A bem da verdade, em nenhum lugar da Bíblia se afirma que o Sol gira em torno da Terra. Mas, por outro lado, a Bíblia declara com todas as letras que a Terra é “redonda”:
Isaías 40:22 afirma que E Ele (Deus), o que está assentado sobre o círculo da terra, cujos moradores são para ele como gafanhotos...”.
Há 3500 anos, a Bíblia já informava aos homens que a Terra está flutuando no espaço sideral. Jó 26:7 diz que Ele (Deus) estende o norte sobre o vazio; e suspende a terra sobre o nada”. mas aí aparecem de novo os pseudo-intelectuais para dizer que a interpretação está errada, que "redondeza" não quer dizer que a Terra é redonda, e que "o norte", "o vazio", "suspensa sobre o nada" não querem dizer que a Terra flutua no espaço!

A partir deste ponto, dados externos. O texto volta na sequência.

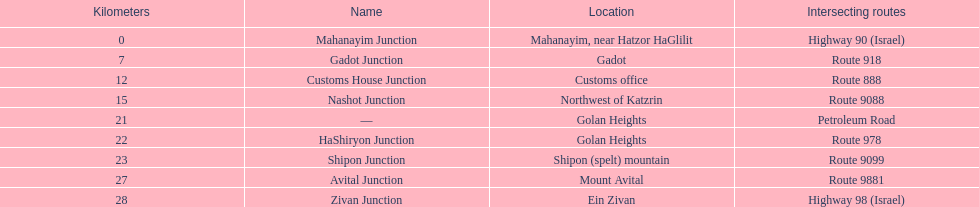Help me parse the entirety of this table. {'header': ['Kilometers', 'Name', 'Location', 'Intersecting routes'], 'rows': [['0', 'Mahanayim Junction', 'Mahanayim, near Hatzor HaGlilit', 'Highway 90 (Israel)'], ['7', 'Gadot Junction', 'Gadot', 'Route 918'], ['12', 'Customs House Junction', 'Customs office', 'Route 888'], ['15', 'Nashot Junction', 'Northwest of Katzrin', 'Route 9088'], ['21', '—', 'Golan Heights', 'Petroleum Road'], ['22', 'HaShiryon Junction', 'Golan Heights', 'Route 978'], ['23', 'Shipon Junction', 'Shipon (spelt) mountain', 'Route 9099'], ['27', 'Avital Junction', 'Mount Avital', 'Route 9881'], ['28', 'Zivan Junction', 'Ein Zivan', 'Highway 98 (Israel)']]} What is the total kilometers that separates the mahanayim junction and the shipon junction? 23.

Mas apesar disso, ou talvez por causa disso, isto é, por dar mais crédito aos mitos sobre a Bíblia do que à própria Bíblia, a igreja católica considera que a Escritura possui erros. O Concílio Vaticano II declara: "Afirmarmos que a Bíblia é livre de erro naquilo que pertence à verdade religiosa revelada para nossa salvação. Não é necessariamente livre de erro em outros assuntos (por exemplo, ciências naturais)" (grifo nosso).

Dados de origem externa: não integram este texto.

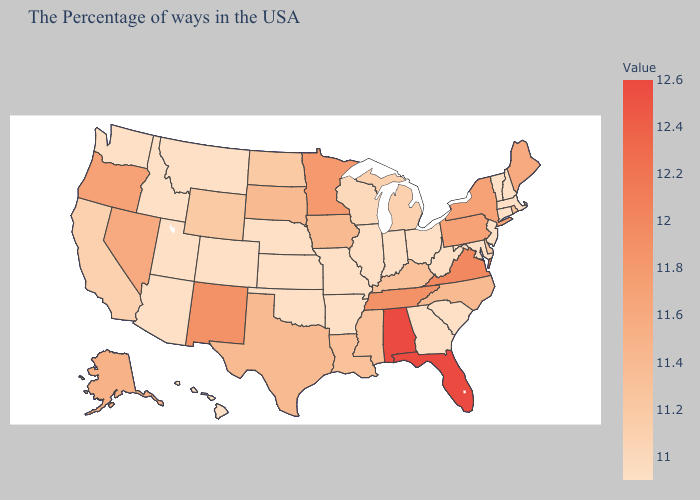Does Mississippi have a higher value than Florida?
Concise answer only. No. Which states hav the highest value in the West?
Quick response, please. New Mexico. Which states have the lowest value in the South?
Give a very brief answer. Maryland, South Carolina, West Virginia, Georgia, Arkansas, Oklahoma. Among the states that border Idaho , which have the highest value?
Quick response, please. Oregon. Among the states that border Massachusetts , does Connecticut have the highest value?
Quick response, please. No. Among the states that border Wyoming , does Utah have the lowest value?
Answer briefly. Yes. Which states have the lowest value in the West?
Be succinct. Colorado, Utah, Montana, Arizona, Idaho, Washington, Hawaii. Which states have the lowest value in the MidWest?
Concise answer only. Ohio, Indiana, Illinois, Missouri, Kansas, Nebraska. Among the states that border Wyoming , does South Dakota have the highest value?
Keep it brief. Yes.

Isso não é uma questão trivial. Se o relato da criação em Gênesis não é digno de confiança, o restante da Bíblia também não pode ser confiável, pois depende desse relato. Além disso, prova-se que Cristo não era realmente Deus, mas um mero mortal que, tolamente, interpretou literalmente a história de Adão e Eva (Mateus 19:4-5), e não pode, portanto, ser nosso Salvador. O periódico The American Atheist [O Ateu Americano] sabe muito bem qual é a questão: "Destruam-se Adão e Eva e o pecado original, e nos escombros se encontrarão os restos mortais do Filho de Deus, eliminando-se assim qualquer significado para sua morte”. Leia mais sobre o que significa isto neste link.
E você, de que lado ficará?
Crerá em Jesus, que citou literal e cabalmente fatos e personagens que os “modernos” consideram lendários (Adão e Eva, Noé e o dilúvio, Jonas e o grande peixe), ou prefere seguir a afirmação do homem “infalível” de que a Bíblia possui erros e portanto não é digna de crédito?